STUTTGART GEGEN RECHTS

TREFFEN AM 10. FEBRUAR

Nach der eindrucksvollen Stuttgarter Demo vor der Bundestagswahl gegen die AfD und den Rechtsruck habe ich mich mit Mitgliedern der Initiative Stuttgart gegen Rechts, einem breiten Bündnis überwiegend junger Menschen, getroffen. Inzwischen haben wir zusammen ein offenes Treffen zum besseren Kennenlernen und Vernetzen organisiert. Auch für alle, die gern was tun würden - aber nicht wissen, wie und mit wem. Erst mal keine große Sache, ein Zeichen, ein Anfang: Information, Diskussion. Das Ganze findet statt am Samstag, 10. Februar, im Württembergischen Kunstverein. 14 UHR BIS 17 UHR. Zwischendurch spielen uns der Freestyle-Rapper Toba Borke und der Beatboxer Pheel den Soundtrack zum Thema. Für Anmeldungen zu besseren Vorbereitung sind wir dankbar:

stuttgart-gegen-rechts@freenet.de. 



Hört die Signale!

MUSIK ZUM TAG



Die aktuelle StN-Kolumne:

DAS LETZTE FOTO

Die Stuttgarter Fotografin Gerda Taro wurde nur 26 Jahre alt. Im Sommer 1937 starb sie als Reporterin im Spanischen Bürgerkrieg. Ihre Geschichte aber lebt.

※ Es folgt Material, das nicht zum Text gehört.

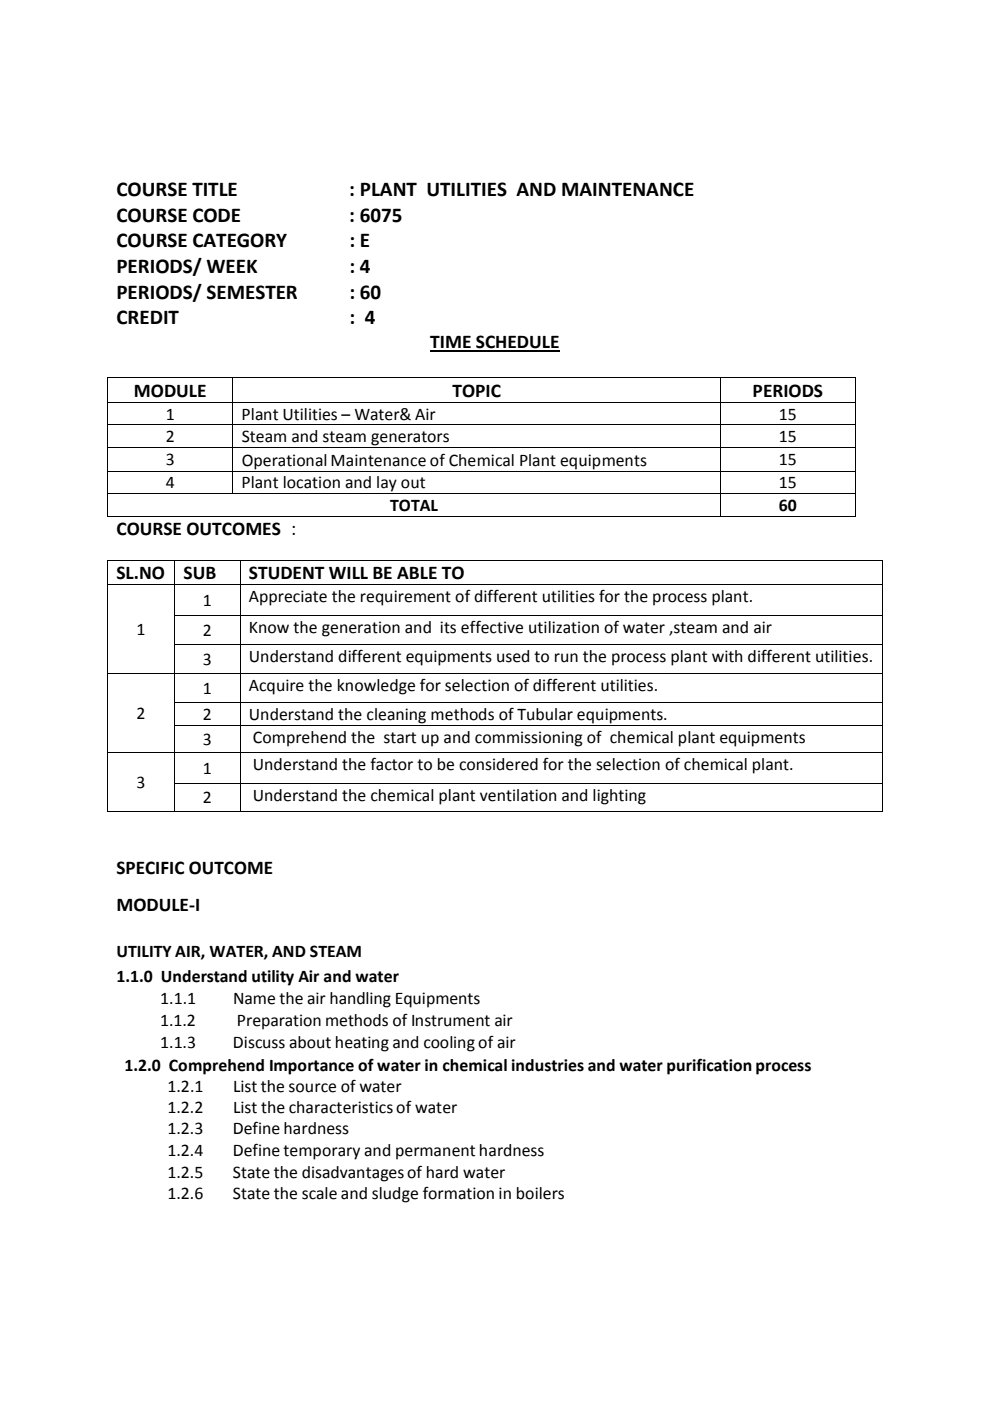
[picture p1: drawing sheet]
<svg xmlns="http://www.w3.org/2000/svg" width="210mm" height="297mm" viewBox="0 0 210 297" stroke-linecap="round" stroke-linejoin="round" font-family="sans-serif">
<defs><g id="words">
<g font-size="4.5">
<text x="24.7" y="41.5">COURSE TITLE</text>
<text x="74.1" y="41.5">: PLANT UTILITIES AND MAINTENANCE</text>
<text x="24.7" y="47">COURSE CODE</text>
<text x="74.1" y="47">: 6075</text>
<text x="24.7" y="52.4">COURSE CATEGORY</text>
<text x="74.1" y="52.4">: E</text>
<text x="24.7" y="57.9">PERIODS/ WEEK</text>
<text x="74.1" y="57.9">: 4</text>
<text x="24.7" y="63.3">PERIODS/ SEMESTER</text>
<text x="74.1" y="63.3">: 60</text>
<text x="24.7" y="68.7">CREDIT</text>
<text x="74.1" y="68.7">: 4</text>
</g>
<g font-size="4.1">
<text x="91.2" y="73.9">TIME SCHEDULE</text>
<text x="28.4" y="84.1">MODULE</text>
<text x="96" y="84.1">TOPIC</text>
<text x="159.6" y="84.1">PERIODS</text>
<text x="24.7" y="113.4">COURSE OUTCOMES :</text>
<text x="24.7" y="122.8">SL.NO</text>
<text x="38.9" y="122.8">SUB</text>
<text x="52.8" y="122.8">STUDENT WILL BE ABLE TO</text>
<text x="24.7" y="185.3">SPECIFIC OUTCOME</text>
<text x="24.7" y="193.1">MODULE-I</text>
</g>
<g font-size="3.8">
<text x="35.2" y="89">1</text>
<text x="51.3" y="89">Plant Utilities – Water&amp; Air</text>
<text x="165.2" y="89">15</text>
<text x="35.2" y="93.7">2</text>
<text x="51.3" y="93.7">Steam and steam generators</text>
<text x="165.2" y="93.7">15</text>
<text x="35.2" y="98.5">3</text>
<text x="51.3" y="98.8">Operational Maintenance of Chemical Plant equipments</text>
<text x="165.2" y="98.5">15</text>
<text x="35.2" y="103.5">4</text>
<text x="51.3" y="103.5">Plant location and lay out</text>
<text x="165.2" y="103.5">15</text>
<text x="82.7" y="108.3">TOTAL</text>
<text x="165.2" y="108.3">60</text>
<text x="43.1" y="128.5">1</text>
<text x="52.8" y="127.7">Appreciate the requirement of different utilities for the process plant.</text>
<text x="29" y="134.7">1</text>
<text x="43.1" y="134.9">2</text>
<text x="52.8" y="134.2">Know the generation and its effective utilization of water ,steam and air</text>
<text x="43.1" y="141">3</text>
<text x="52.8" y="140.3">Understand different equipments used to run the process plant with different utilities.</text>
<text x="43.1" y="147.2">1</text>
<text x="52.8" y="146.5">Acquire the knowledge for selection of different utilities.</text>
<text x="29" y="152.5">2</text>
<text x="43.1" y="152.7">2</text>
<text x="52.8" y="152.7">Understand the cleaning methods of Tubular equipments.</text>
<text x="43.1" y="158">3</text>
<text x="53.6" y="157.5">Comprehend the start up and commissioning of chemical plant equipments</text>
<text x="29" y="167.1">3</text>
<text x="43.1" y="164.2">1</text>
<text x="53.6" y="163.3">Understand the factor to be considered for the selection of chemical plant.</text>
<text x="43.1" y="170.3">2</text>
<text x="53.6" y="169.8">Understand the chemical plant ventilation and lighting</text>
<text x="24.7" y="202.9">UTILITY AIR, WATER, AND STEAM</text>
<text x="24.7" y="208.1">1.1.0 Understand utility Air and water</text>
<text x="34" y="212.8">1.1.1</text>
<text x="49.4" y="212.8">Name the air handling Equipments</text>
<text x="34" y="217.5">1.1.2</text>
<text x="50.2" y="217.5">Preparation methods of Instrument air</text>
<text x="26.4" y="227">1.2.0 Comprehend Importance of water in chemical industries and water purification process</text>
<text x="34" y="222.2">1.1.3</text>
<text x="49.4" y="222.2">Discuss about heating and cooling of air</text>
<text x="35.5" y="231.5">1.2.1</text>
<text x="49.4" y="231.5">List the source of water</text>
<text x="35.5" y="236">1.2.2</text>
<text x="49.4" y="236">List the characteristics of water</text>
<text x="35.5" y="240.5">1.2.3</text>
<text x="35.5" y="245.1">1.2.4</text>
<text x="49.4" y="245.1">Define temporary and permanent hardness</text>
<text x="49.4" y="240.5">Define hardness</text>
<text x="35.5" y="249.7">1.2.5</text>
<text x="49.4" y="249.7">State the disadvantages of hard water</text>
<text x="35.5" y="254.2">1.2.6</text>
<text x="49.4" y="254.2">State the scale and sludge formation in boilers</text>
</g>
</g></defs>
<path d="M91.2 74.4h27.5" fill="none" stroke="#000" stroke-width=".36"/>
<path d="M22.8 80h.1v.2h-.1zM181.3 80h.2v.2h-.2zM22.8 118.7h.1v.2h-.1zM181.3 109.3h.2v.2h-.2zM187 118.7h.2v.2h-.2zM22.8 130.4l.1 .2zM22.8 136.6h.1v.1h-.1zM22.8 148.9h.1v.2h-.1zM22.8 153.7h.1v.2h-.1zM22.8 166.1h.1v.1h-.1zM187 171.9h.2v.2h-.2z" fill="#000"/>
<g fill="none" stroke="#000" stroke-width=".21">
<path d="M22.8 80.1h158.7M22.8 85.3h158.7M22.8 90.1h158.7M22.8 94.8h158.7M22.8 99.9h158.7M22.8 80.2v5M22.8 85.4v4.6M22.8 90.1v4.7M22.8 94.9v4.9M22.8 99.9v4.7M49.4 80.2v5M49.4 85.4v4.6"/>
<path d="M49.4 90.1v4.7M49.4 94.9v4.9M49.4 99.9v4.7M152.8 80.2v5M152.8 85.4v4.6M152.8 90.1v4.7M152.8 94.9v4.9M152.8 99.9v4.7M181.4 80.2v5M181.4 85.4v4.6M181.4 90.1v4.7M181.4 94.9v4.9"/>
<path d="M181.4 99.9v4.7M22.8 104.6h158.7M22.8 109.4h130M22.8 118.8h164.4M22.8 104.7v4.8M22.8 118.9v5M37.1 118.9v5M50.9 118.9v5M152.8 104.7v4.8M152.9 109.4h28.4M181.4 104.7v4.8M187.1 118.9v5"/>
<path d="M22.8 124h164.4M22.8 124.1v6.3M22.8 130.6v6M22.8 136.7v6M37 130.5h150.2M37 136.7h150.2M37.1 124.1v6.3M37.1 130.6v6M37.1 136.7v6M50.9 124.1v6.3M50.9 130.6v6M50.9 136.7v6"/>
<path d="M187.1 124.1v6.3M187.1 130.6v6M187.1 136.7v6M22.8 142.8h164.4M22.8 159.6h164.4M22.8 142.9v6M22.8 149.1v4.6M22.8 153.9v5.7M22.8 159.7v6.4M37 149h150.2M37 153.8h150.2M37.1 142.9v6"/>
<path d="M37.1 149.1v4.6M37.1 153.9v5.7M37.1 159.7v6.4M50.9 142.9v6M50.9 149.1v4.6M50.9 153.9v5.7M50.9 159.7v6.4M187.1 142.9v6M187.1 149.1v4.6M187.1 153.9v5.7M187.1 159.7v6.4M22.8 172h14.2"/>
<path d="M22.8 166.2v5.9M37 166.1h150.2M37.1 166.2v5.9M37.1 172h13.8M50.9 166.2v5.9M51 172h136M187.1 166.2v5.9"/>
</g>
<use href="#words"/>
</svg>

Immer wieder tauchen neue Dokumente aus dem kurzen Leben dieser ungewöhnlich mutigen Frau auf. Erst diese Woche hat John Kiszely, ein hochrangiger englischer Offizier im Ruhestand, ein Aufsehen erregendes Foto im Internet veröffentlicht. Es zeigt einen Mann mit Schürze, der sich über eine leblose junge Frau auf einer Feldtrage beugt, um mit einem Tupfer das Blut zu stillen, das aus ihrer Nase fließt. Ihr Gesicht ist nicht vollständig zu sehen. Mit größter Wahrscheinlichkeit handelt es sich um das letzte Bild, das von Gerda Taro gemacht wurde.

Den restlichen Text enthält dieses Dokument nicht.